How to Use LLMs Effectively
This is a narrative theme synthesising practical guidance for working with large language models — drawn primarily from How I Use LLMs and Deep Dive into LLMs like ChatGPT by Andrej Karpathy.
The central principle
Know what you’re talking to: a compressed, probabilistic snapshot of the internet, with a learned assistant persona, frozen at a training cutoff, running in a stateless session. Every practical habit flows from this model.
Habits by category
Model selection
- Know which model you are using. Free tiers use smaller, weaker models. The difference in quality is material for professional use.
- Match the model to the task. Try the fast, non-thinking model first. Escalate to a reasoning model (o3, Claude extended thinking, DeepSeek-R1) for hard maths, code, or multi-step reasoning. Non-thinking models are faster and usually sufficient for factual and creative tasks.

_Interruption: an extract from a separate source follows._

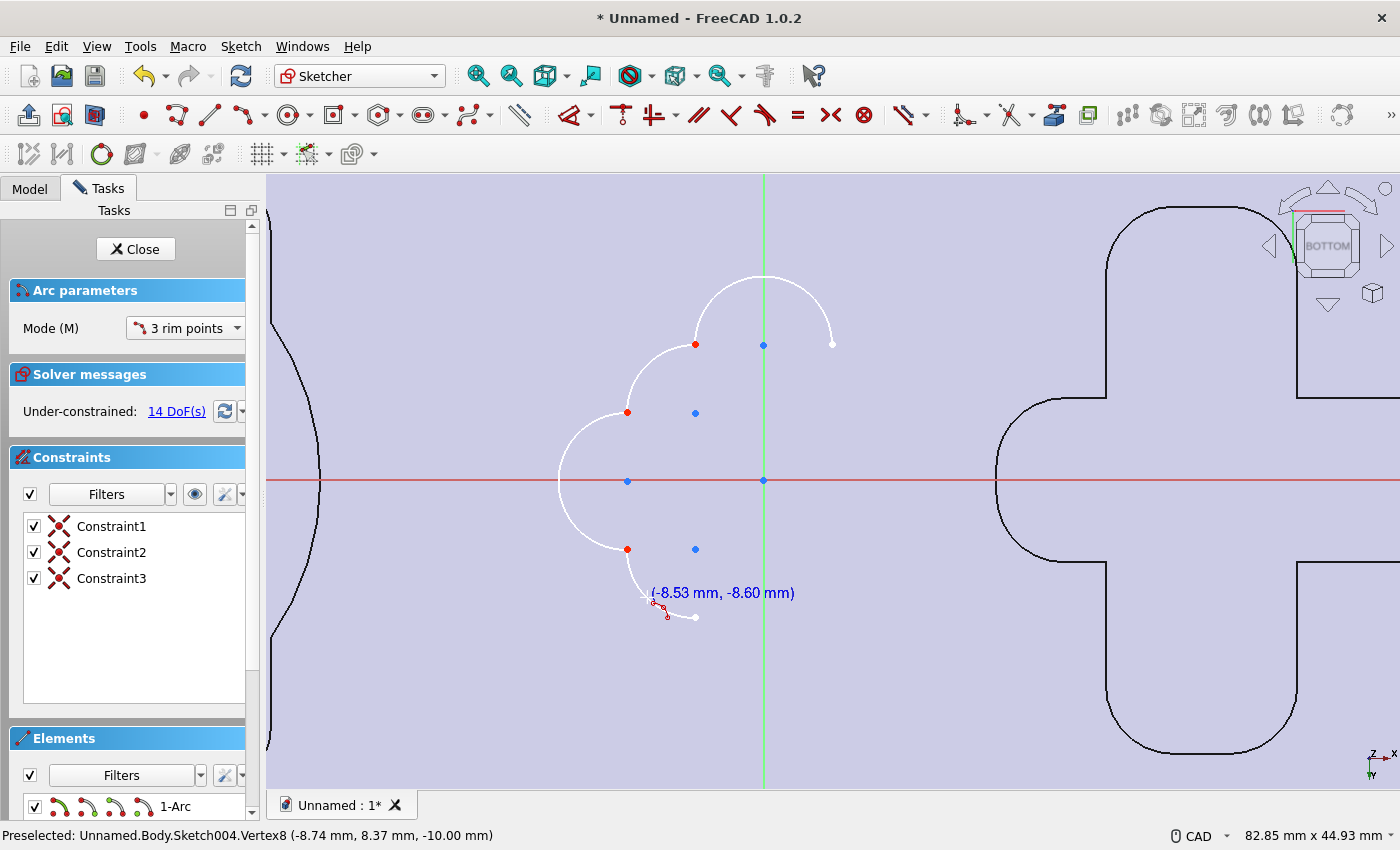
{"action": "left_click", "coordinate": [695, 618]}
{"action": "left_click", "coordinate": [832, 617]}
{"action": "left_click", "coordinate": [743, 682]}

- Use multiple models (the LLM Council). For important decisions — technical or personal — query multiple frontier models and compare. Disagreements are informative.
Context hygiene
- Start a new chat when switching topics. Irrelevant tokens in the context window can degrade output and slow the model. Keep working memory clean.

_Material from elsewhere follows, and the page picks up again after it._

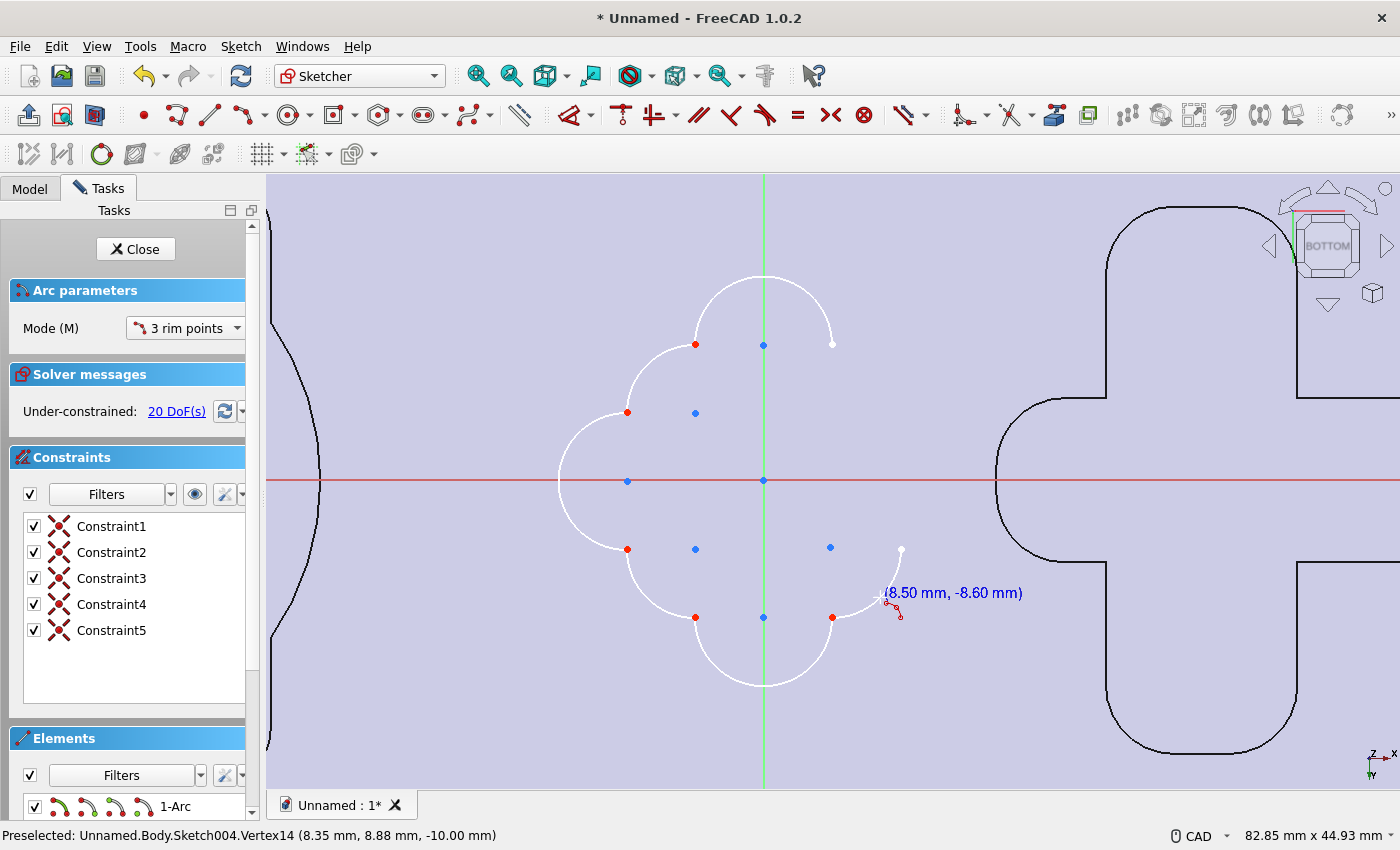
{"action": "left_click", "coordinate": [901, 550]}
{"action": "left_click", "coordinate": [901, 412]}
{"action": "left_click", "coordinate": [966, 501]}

- Paste information in; don’t rely on recall. Parametric memory is vague and prone to hallucination. If you need accurate information, put it in the context window via file upload or copy-paste.
Tool use
- Use web search for time-sensitive queries. Anything that could be answered by a Google search and skimming the top links: use the search tool.
- Use a Python interpreter for arithmetic and analysis. Don’t trust the model’s mental arithmetic. A one-liner in Python is more reliable.
- Use file upload for reading documents. Upload PDFs, papers, or web pages. The model reads alongside you as a knowledgeable collaborator.
- Use deep research for multi-source research tasks. Expect a 10-minute run, treat the output as a first draft, and follow citations.
Prompting
- Few-shot beats zero-shot. Don’t just describe the task — give examples of input and output. Always.
- Let the model think. Don’t force an answer into the first token. Chain-of-thought prompting — “think step by step” — works because it distributes reasoning across tokens.
- For recurring tasks, save few-shot prompts as Custom GPTs, Claude Projects, or equivalent presets.
Verification
- Read generated code. The model is a capable but absent-minded analyst. It will silently substitute placeholder values, make arithmetic errors in narration, or miss a context-dependent constraint.
- Follow citations from research outputs. Deep Research reports can hallucinate or misattribute. Verify what matters.
- Ask the model to transcribe before trusting. When the model processes an image or document, ask it to transcribe what it extracted so you can verify accuracy.
Interface
- Speak rather than type. Faster, and transcription (via Super Whisper or native mobile input) is now reliable for most purposes.
- Use Custom Instructions for persistent preferences — tone, format, domain context — so you don’t re-explain them each session.
The verification discipline
Across all these habits, a consistent discipline: always verify what matters. The model is a powerful accelerator, not a source of truth. It will produce confidently wrong answers. The cost of that confidence is borne by the user, not the model.